To call Apple’s news strategy for its $3,500 Vision Pro headset “controlled” would be an understatement. From the isolated photo op at WWDC 2023 to the timed, battery-tucked hands-on sessions leading up to pre-order week this January, missing was a clear understanding of how the headset performed in real-world environments, what its best use cases were, and how much potential this upcoming era of spatial computing truly had.
Some of these questions will be answered today, as reviewers and industry experts can now share their experiences of testing the Vision Pro on their own over the past week. ZDNET will be putting Apple’s next big thing through the wringer, too, so stay tuned for our thoughts and buying advice. Until then, here’s a summary of the first reviews of the Apple Vision Pro.
CNET‘s Scott Stein says “living in the Vision Pro for the past week has been one of the most complex experiences of all. It’s one of the hardest products I’ve ever had to evaluate. Parts of it are stunning. Others don’t feel entirely finished.” One aspect that impressed Stein was the Vision Pro’s depth mapping and spatial awareness; particularly, how the headset did not need to map out guardian boundaries to process the objects surrounding him.
Stein also used the Vision Pro as his “everywhere computer,” connecting the headset with a Mac via Mac Virtual Display. While the Vision Pro limits users to just one monitor view (but with floating Vision OS/iOS apps on the side), the projection appears in crisp 4K. “There are glitches, and sometimes the controls feel too floaty, but in its first form, I’m shocked at how good it already is,” remarked Stein.
One area of improvement, however, was the haptics. “Being able to feel feedback like on a phone or watch or with game controllers. I want more precise controls in 3D space, something fully multifunctional. I’m not sure hand-tracking and eye-tracking alone can do all of that.”
Wall Street Journal‘s Joanna Stern also took the Vision Pro for a spin — skiing with it, even, to test Spatial Video recording. Based on the video output, which is formatted in 2200 x 2200 resolution, 30fps, and 1:1 aspect ratio, the quality looked decent but not much better than what a pair of Meta Ray-Ban glasses could capture for thousands of dollars less.
What was it like wearing the headset for 24 hours straight? “Painful, but insightful,” Stern said. “The Vision Pro has every characteristic of a first-generation product. It’s heavy, its battery life sucks, there aren’t that many great apps yet, and sometimes, it’s buggy.” The best use cases, Stern found, were using the Vision Pro as a work computer and watching movies.
The Verge‘s Nilay Patel expanded on his experience using Vision Pro’s EyeSight feature, an aspect that was hidden in earlier demo sessions. “In reality, (EyeSight) might as well not be there. It’s a low-res OLED with a lenticular panel in front of it to provide a mild 3D effect, and it’s so dim and the cover glass is so reflective, it’s actually hard to see in most normal to bright lighting,” Patel noted.

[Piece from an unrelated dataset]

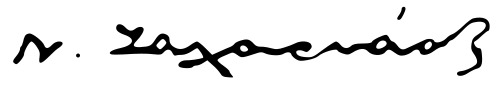
Signature of: nikos zachariadis

Fortunately, the inner display is much more capable, as reported by CNBC‘s Todd Haselton. “The displays help remove the “screendoor” effect that’s common in lower-cost headsets like the Meta Quest 3. That’s where you can see the pixels as you look through a headset. You can easily read text on a website or a book on the Vision Pro. And I was able to watch movies, including in 3D, on screens bigger and nicer than any TV in my house.”
Many reviewers agree that the Vision Pro is the biggest technological leap in VR ever, with an audio/visual quality that reimagines what can be done in the digital world. Being a first-generation product, and a first within the product category for Apple, also means that the Vision Pro is not without its flaws. There are many, including the lack of haptics, occasional glitches and bugs, limited app availability, and hand-eye tracking that can be better calibrated.
The price of entry is another barrier for most people. But the cold hard fact, as ZDNET’s Jason Hiner points out, is that the Vision Pro is an incredible, expensive developer kit that most people should not buy. Instead, take the headset for a spin at your local Apple Store or buy and return it before the two-week window closes. Until Apple releases a more affordable headset, which will likely come in 2-3 years, if not longer, the Meta Quest 3 is your best, safest option.